Page:The Life of Sir Thomas More (William Roper, ed by Samuel Singer).djvu/25

From Wikisource
Jump to navigation Jump to search
This page has been proofread, but needs to be validated.
LEWIS'S PREFACE.
xxi

With this excellent woman Mr. Roper lived about 16 years, she dying 1544, nine years after her father, when she was buried in the family burying place at St. Dunstan's, with her father's head in her arms, as she had desired. By her Mr. Roper had two sons and three daughters: of whose education the mother took the same care that had been taken of her own. The famous Roger Ascham, then fellow of St. John's College in Cambridge, and afterwards Latin Secretary to Queen Elizabeth, tells us, [O 1]That she was very desirous of having him for their tutor to instruct them in the learned languages, but that he would not then upon any terms be prevailed with to leave the university; that therefore she procured Dr. Cole and Dr. Christopherson, afterwards Bishop of Chichester, both very famous at that time for their skill in the Greek tongue. Ascham stiles this Mrs. Clarke, one of Mrs. Roper's daughters, an eminent ornament of her sex and of Queen Mary's court. This daughter of Mrs. Roper's, who afterward married James Basset, was one of the gentlewomen, so they were then called, of Queen Mary's privy chamber, and translated into English part of her grandfather's exposition of the passion of our Saviour, which he wrote in Latin; and is said so well to have imitated Sir Thomas's stile that any one would think it was written by him in English.

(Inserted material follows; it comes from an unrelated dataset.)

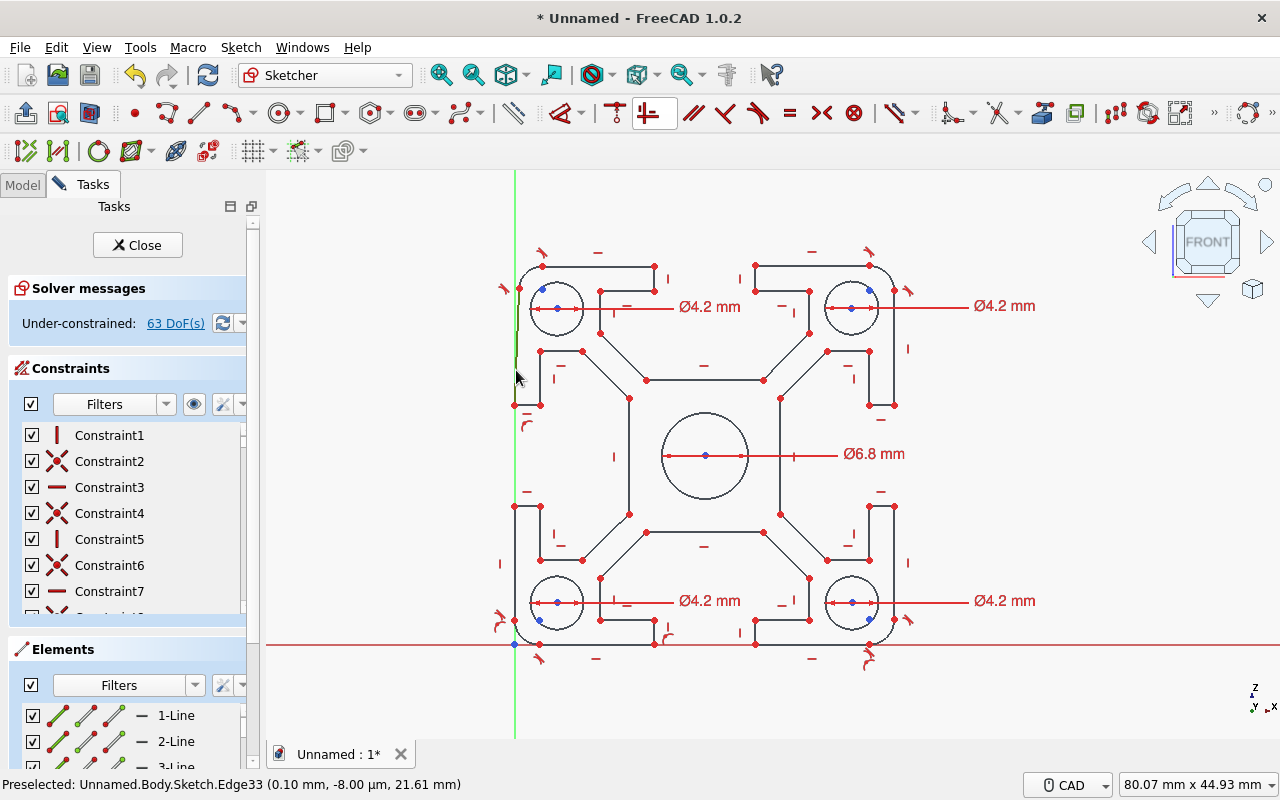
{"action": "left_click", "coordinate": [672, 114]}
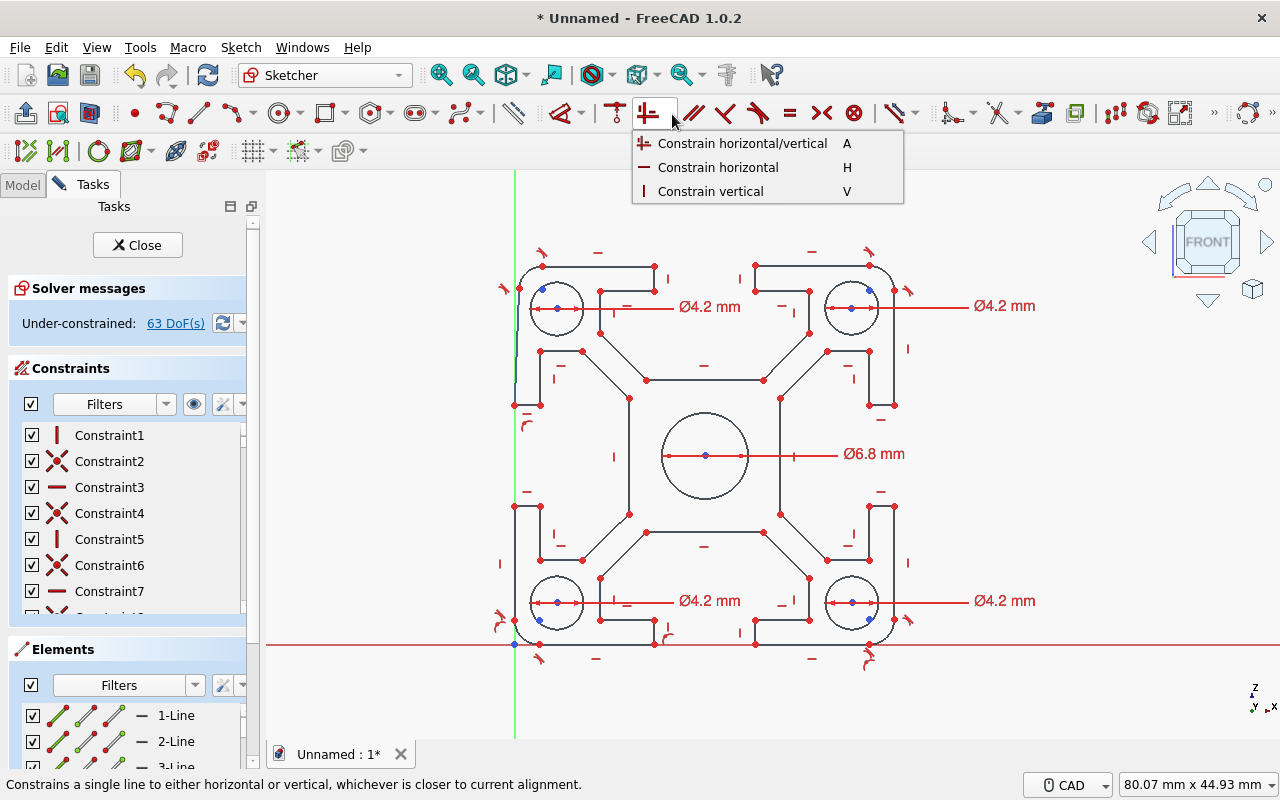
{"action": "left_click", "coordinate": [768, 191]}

  1. Is —— ego sum quem ante aliquot annos mater tua Margareta Ropera, femina et illo tanto patre et te tali filia dignissima, ex Academia Cantabrigiensi accersivit ad se ad ædes domini Ægidij Alingtoni[I 1] necessarij vestri, rogavitque ut te reliquosque suos liberos, Græca, Latinaque lingua institurem; sed tum ego nulli conditionibus ab Academia civelli me patiebar.
  1. Sir Giles Alington who married Sir T. More's second lady's daughter.